Class ReadOnlySparseVector

  • All Implemented Interfaces:
    com.qfs.chunk.IArray, com.qfs.chunk.IArrayReader, com.qfs.chunk.IArrayWriter, com.qfs.chunk.IWritableArray, com.qfs.monitoring.memory.IMemoryMonitored, com.qfs.vector.IDelegateVector, com.qfs.vector.IReleasableVector, com.qfs.vector.IVector, Serializable
    Direct Known Subclasses:
    ReadOnlySparseVector.SparseRandomAccessVector

    public class ReadOnlySparseVector
    extends com.qfs.vector.impl.ADelegateReadOnlyVector
    Read-only IVector implementation of a view of an underlying IVector who contains a special, compact, representation of an allegedly-sparse vector.

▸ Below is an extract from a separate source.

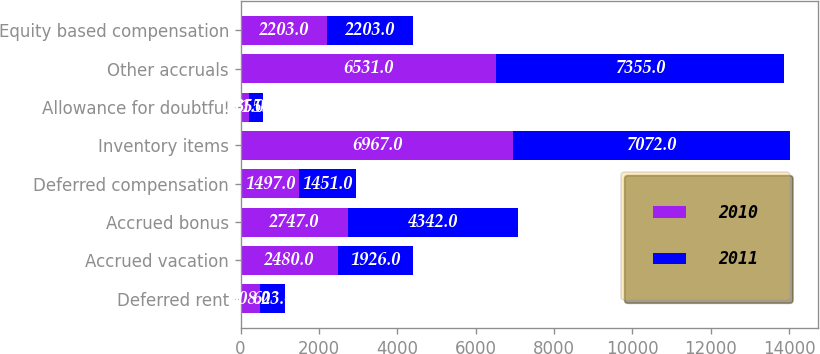Convert chart. <chart><loc_0><loc_0><loc_500><loc_500><stacked_bar_chart><ecel><fcel>Deferred rent<fcel>Accrued vacation<fcel>Accrued bonus<fcel>Deferred compensation<fcel>Inventory items<fcel>Allowance for doubtful<fcel>Other accruals<fcel>Equity based compensation<nl><fcel>2010<fcel>508<fcel>2480<fcel>2747<fcel>1497<fcel>6967<fcel>211<fcel>6531<fcel>2203<nl><fcel>2011<fcel>623<fcel>1926<fcel>4342<fcel>1451<fcel>7072<fcel>355<fcel>7355<fcel>2203<nl></chart>

    A "sparse" vector is a vector where a given single value (so called "implicit value") appears many time in the vector. The more times such value appears the more sparse the vector is considered. The other values in the vector are called the "explicit values".

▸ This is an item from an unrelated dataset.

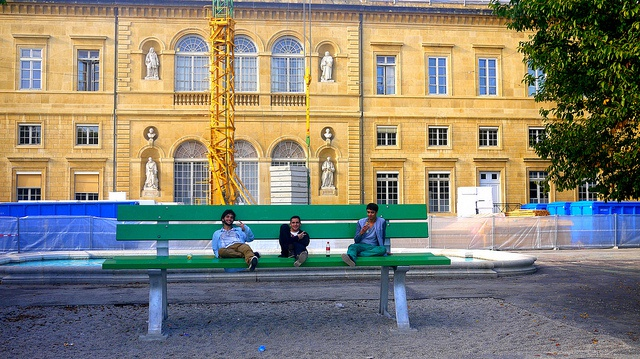Describe the objects in this image and their specific colors. I can see bench in black, teal, darkgreen, and lightgray tones, people in black, teal, navy, and blue tones, people in black, lightblue, and gray tones, and people in black, gray, teal, and white tones in this image.

    From an external (caller) code perspective, this read-only vector implementation provides natural access to the original vector values w/o requiring any knowledge of the internal compact representation of those values.

    The point of using such implementation as opposed to a naive "dense" representation of the original vector is to spare memory, since the internal compact representation gives us a memory footprint that is very close to the footprint of the explicit values only as long as the original vector size is greater than 100.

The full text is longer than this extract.